Hombres de Iglesia visitan también Taizé, y la comunidad acogió así al papa Juan Pablo II, a tres arzobispos de Cantorbery, a metropolitas ortodoxos, a los catorce obispos luteranos de Suecia y a numerosos pastores del mundo entero.
A través de los años ha ido aumentando el número de personas que visita Taizé. Desde finales de los años 1950 jóvenes comienzan a venir cada vez en mayor número. En 1966 las hermanas de San Andrés, una comunidad católica internacional fundada hace más de siete siglos, vinieron a vivir a la aldea vecina y comenzaron a asumir una parte de las tareas de la acogida. Mucho más tarde algunas hermanas ursulinas polacas vinieron también para apoyar la acogida de los jóvenes.
A partir de 1962, hermanos y jóvenes enviados por Taizé no dejaron de ir y venir a los países de Europa del Este, con la mayor discreción, para visitar a quienes se encontraban acantonados en el interior de sus fronteras. Ahora que han caídos los muros y que resulta más fácil viajar entre Europa oriental y occidental los contactos con los cristianos de Oriente, que habían sido siempre muy importantes, se han incrementado de manera significativa.
Encuentros intercontinentales de jóvenes
Desde principios de primavera hasta finales de otoño cada semana jóvenes de diversos continentes llegan a la colina de Taizé. Están en búsqueda de un sentido para su vida, en comunión con muchos otros. Yendo a las fuentes de la confianza en Dios, emprenden una peregrinación interior que les anima a construir relaciones de confianza entre los humanos.

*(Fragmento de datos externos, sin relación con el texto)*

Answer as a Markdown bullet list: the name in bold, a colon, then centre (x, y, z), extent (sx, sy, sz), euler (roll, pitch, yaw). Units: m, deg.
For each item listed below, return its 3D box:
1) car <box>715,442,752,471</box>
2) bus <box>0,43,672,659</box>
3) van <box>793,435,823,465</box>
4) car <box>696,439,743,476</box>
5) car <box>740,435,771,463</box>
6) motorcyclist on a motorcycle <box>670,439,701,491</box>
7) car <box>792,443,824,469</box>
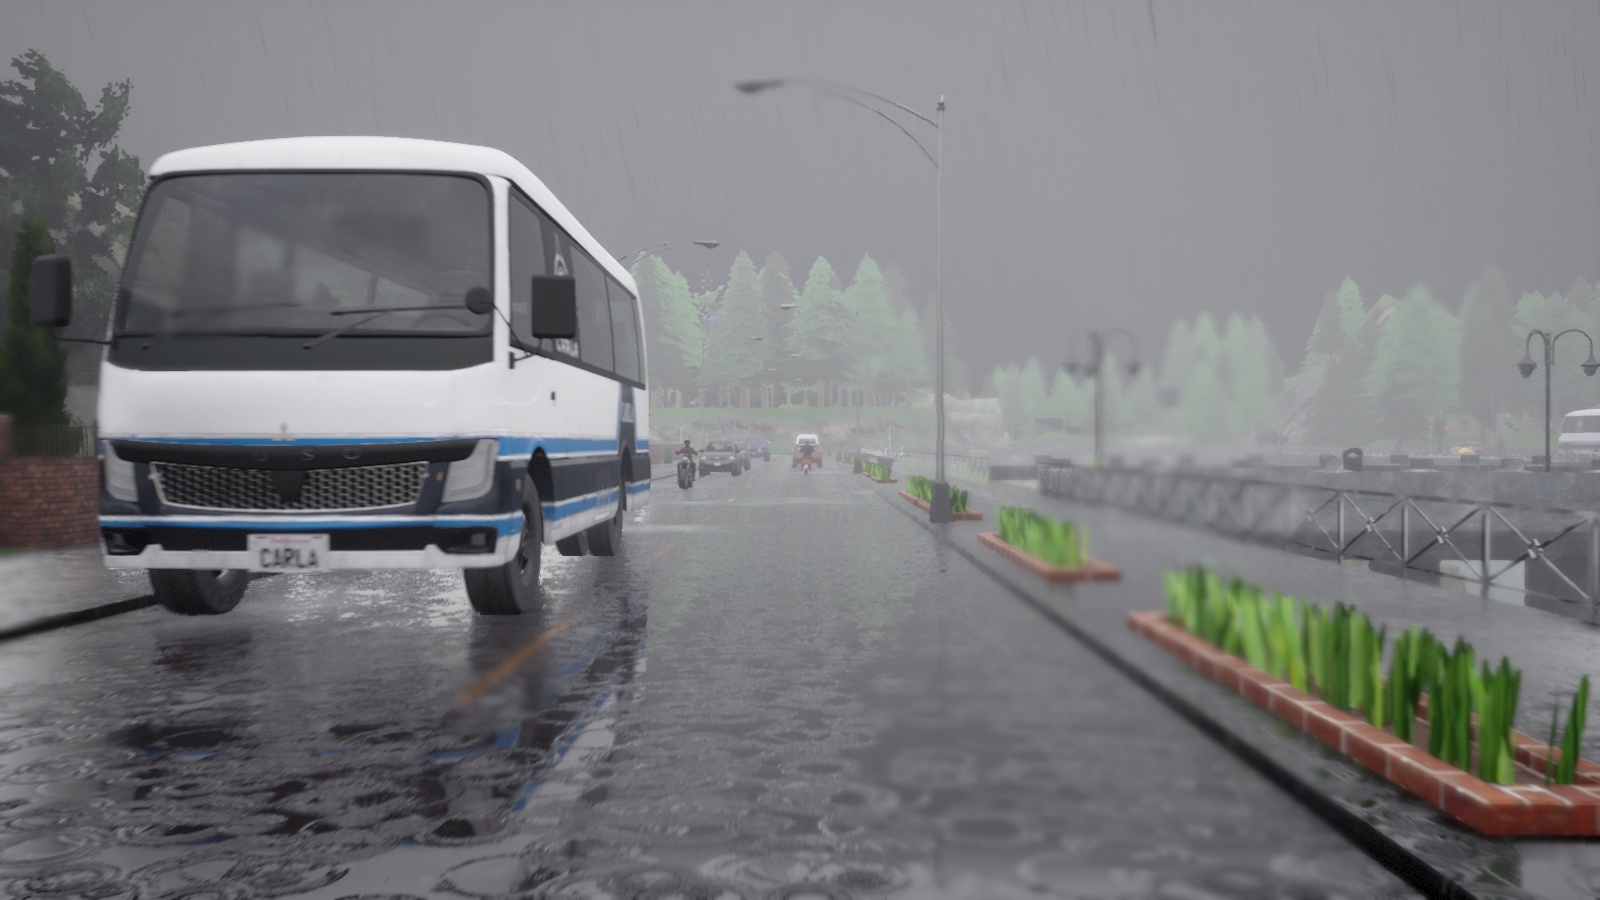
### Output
- **car**: centre (-3.553, 0.337, 68.060), extent (1.789, 1.549, 3.705), euler (0, 0, 0)
- **bus**: centre (-3.899, -0.711, 13.817), extent (3.944, 4.253, 10.273), euler (0, 0, 0)
- **van**: centre (0.578, -0.032, 89.442), extent (2.069, 2.038, 4.480), euler (0, 1, 1)
- **car**: centre (-3.622, 0.319, 57.034), extent (1.851, 1.617, 3.988), euler (0, 0, 0)
- **car**: centre (-3.372, -0.084, 96.629), extent (2.150, 2.045, 5.566), euler (0, 0, 0)
- **motorcyclist on a motorcycle**: centre (-3.716, 0.462, 40.909), extent (0.766, 1.649, 2.350), euler (0, 1, 1)
- **car**: centre (0.480, 0.346, 73.291), extent (1.845, 1.501, 3.633), euler (0, 0, 0)

Algunas semanas de verano puede haber más de 5000 jóvenes de 75 países asociados a una aventura común. Y dicha aventura continúa cuando regresan a casa: se concretiza a través de su preocupación por profundizar en una vida interior y por su disponibilidad a asumir responsabilidades en vistas a hacer de la tierra un lugar más habitable.
En Taizé los jóvenes son acogidos por una comunidad de hermanos que se comprometen a través de un sí para toda su vida siguiendo a Cristo. Dos comunidades de hermanas participan también en la acogida. En el corazón de estos encuentros está la oración común que reúne tres veces al día a todos los que se en la colina en una misma alabanza a Dios a través del canto y el silencio.
Cada día algunos hermanos de la comunidad dan introducciones bíblicas; son seguidas por tiempos de reflexión, de intercambio y de participación en las tareas prácticas. También es posible pasar la semana en silencio para dejar que el Evangelio ilumine la propia vida con profundidad.
Por la tarde hay talleres sobre temas más específicos y que permiten ver la relación entre las fuentes de la fe y la realidad pluralista del mundo contemporáneo: «¿Es posible el perdón?», «El desafío de la globalización», «¿Cómo responder a la llamada de Dios?», «¿Qué Europa queremos?»... También hay temas que tratan del arte y de la música.
Una semana en Taizé permite comprender la relación entre una experiencia de comunión con Dios en la oración y en la reflexión personal por un lado, y una experiencia de comunión y de solidaridad entre los pueblos por otro.
Encontrándose en una escucha mutua, los jóvenes del mundo entero se descubre que pueden abrirse caminos de unidad dentro de la diversidad de las tradiciones cristianas y de las culturas. Ello ofrece sólidos fundamentos para ser creadores de confianza y fermentos de paz en un mundo herido por las divisiones, la violencia y el aislamiento.
Prosiguiendo una «peregrinación de confianza a través de la tierra», Taizé no organiza un movimiento en torno a la comunidad. Cada uno está invitado después de su estancia en Taizé a vivir en su propio lugar lo que ha comprendido, con mayor conciencia de la vida interior que le habita, y de su relación con muchos otros comprometidos en una misma búsqueda de lo esencial.